Jamal is a member of the Fredericton Islamic Association (FIA), a local organization that has teamed up with churches and other community groups in Fredericton to help bring refugees to Canada and support them when they arrive.
“This Eid reminds us to think beyond ourselves and we develop empathy for the weak among us.”
During this year’s Eid celebration, Jamal says Fredericton Muslims started a new initiative to support five new refugee families by contributing their portions of qurbani – the ritual sacrifice of lamb, goat or cow – to the families.
The community is also continuing to assist the families with registering their children in school, finding a place to live and settling down in Canada.
Jamal says helping refugee families to start their lives in Canada fits in with the purpose of Eid.
“The theme and the philosophy behind this Eid is qurbani and sacrifice and thinking about others and giving things up for others,” he explains. “This Eid reminds us to think beyond ourselves and we develop empathy for the weak among us.”

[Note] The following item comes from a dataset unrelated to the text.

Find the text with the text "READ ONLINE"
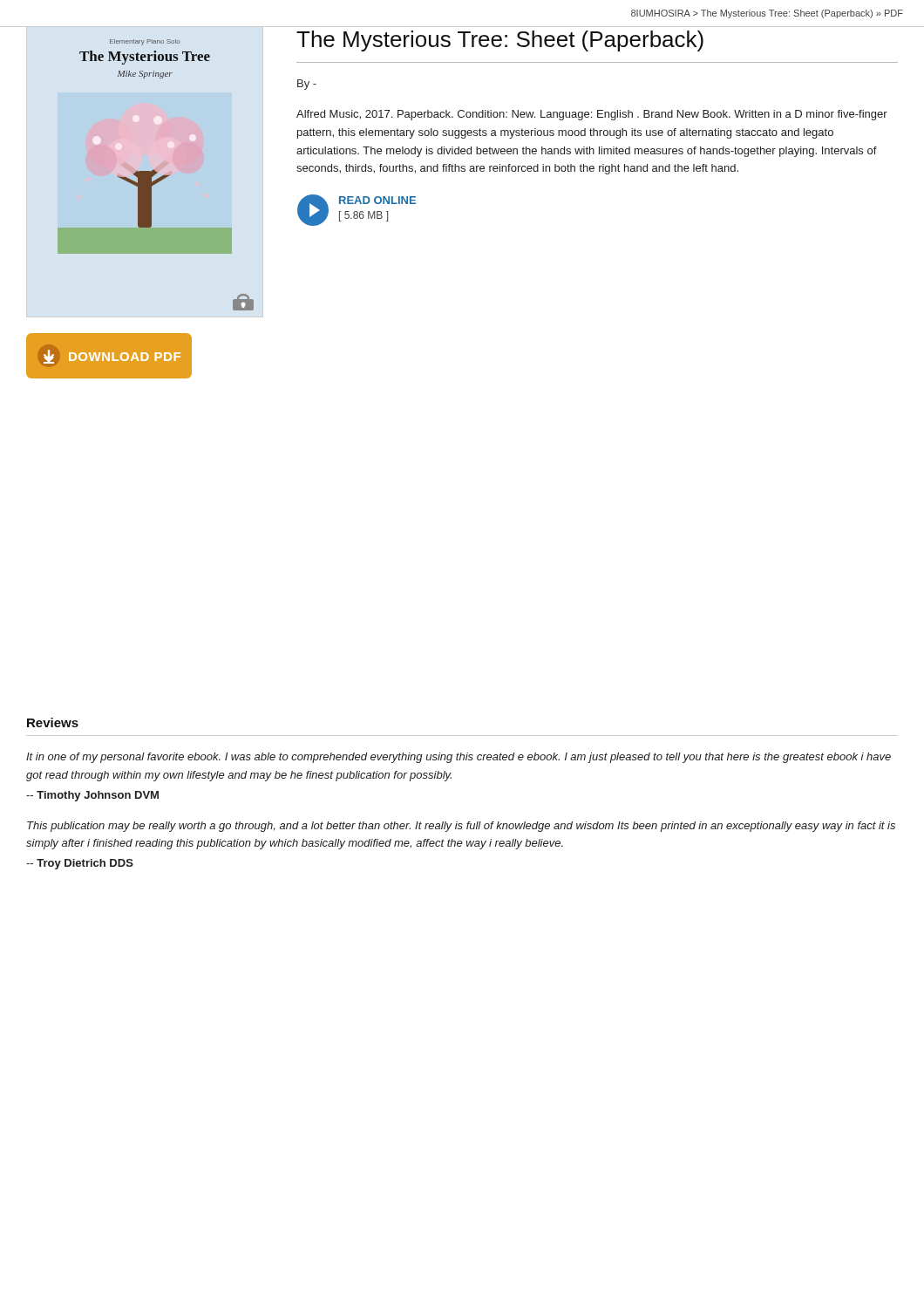[377, 200]

Importance of fostering community
Former resident of Fredericton, Nora Shafe Fathalipour says there are more ways to celebrate Eid in Toronto because of the much larger Muslim population in the Greater Toronto Area (GTA).(Fredericton is home to between 200 and 300 Muslim families.)

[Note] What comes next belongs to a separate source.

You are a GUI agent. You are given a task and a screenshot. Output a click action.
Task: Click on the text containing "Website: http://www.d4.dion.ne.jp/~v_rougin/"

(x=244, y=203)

“In Toronto, you have the option to go to a lot of different places,” Fathalipour says. “Going to Eid prayer also means a chance to socialize,” she adds.
“If we have enmity among ourselves, we’re not going to be able to solve the local or wider issues or have any sympathy.”
Currently taking graduate courses at the University of Toronto, Fathalipour attended the morning Eid prayers organized at the U of T Muslim Chaplaincy, where the sermon also touched on the importance of fostering community and supporting one another.
“It was a reminder of our social responsibility as a community towards each other,” says Fathalipour.
“The reason why people are able to kill each other or not feel remorse when other people are hurt is because we start from this position of enmity,” she says. “If we have enmity among ourselves, we’re not going to be able to solve the local or wider issues or have any sympathy.”
Fathalipour says this year’s Eid sermon reflected the need for compassion between individual community members that can lead to solving wider issues like the lack of support for war-weary refugees making their way across Europe.
Better late than never
For Jamal Osman, one of the vice presidents of the Muslim Community of Edmonton (MCE) mosque, support for the current wave of refugees is part of his community’s ongoing efforts. He says there are many Muslims in Edmonton with close ties to victims of the Syrian conflict.
Osman says the community has been working to support victims of the Syrian war and other refugees, and efforts include supporting newcomer refugee families as well as doctors in the community who volunteer with Doctors Without Borders.
“We’ve been in the trenches from the beginning years and years ago,” Osman says.
“We haven’t loss sight of our responsibility to help our brothers and sisters.”
So even though celebrations at the MCE mosque aren’t particularly focused on the refugee crisis, Osman explains, “We haven’t loss sight of our responsibility to help our brothers and sisters.”
In fact, Edmonton’s Islamic Family and Social Services (IFSSA) has taken the lead to represent the collective efforts of the Edmonton Muslim community in alleviating the refugee crisis.
“We are behind the scenes laying the groundwork for IFSSA to be in the position to be able to support Syrian refugees once they are able and ready to come to Canada,” Osman says.
He adds that he feels the current heightened attention on the needs of refugees is overdue given the crisis has been brewing for years, but it’s better late than never.
“We’ll take what we can get,” Osman says, “because, at the end of the day, it is intended to help these folks that are in dire need.”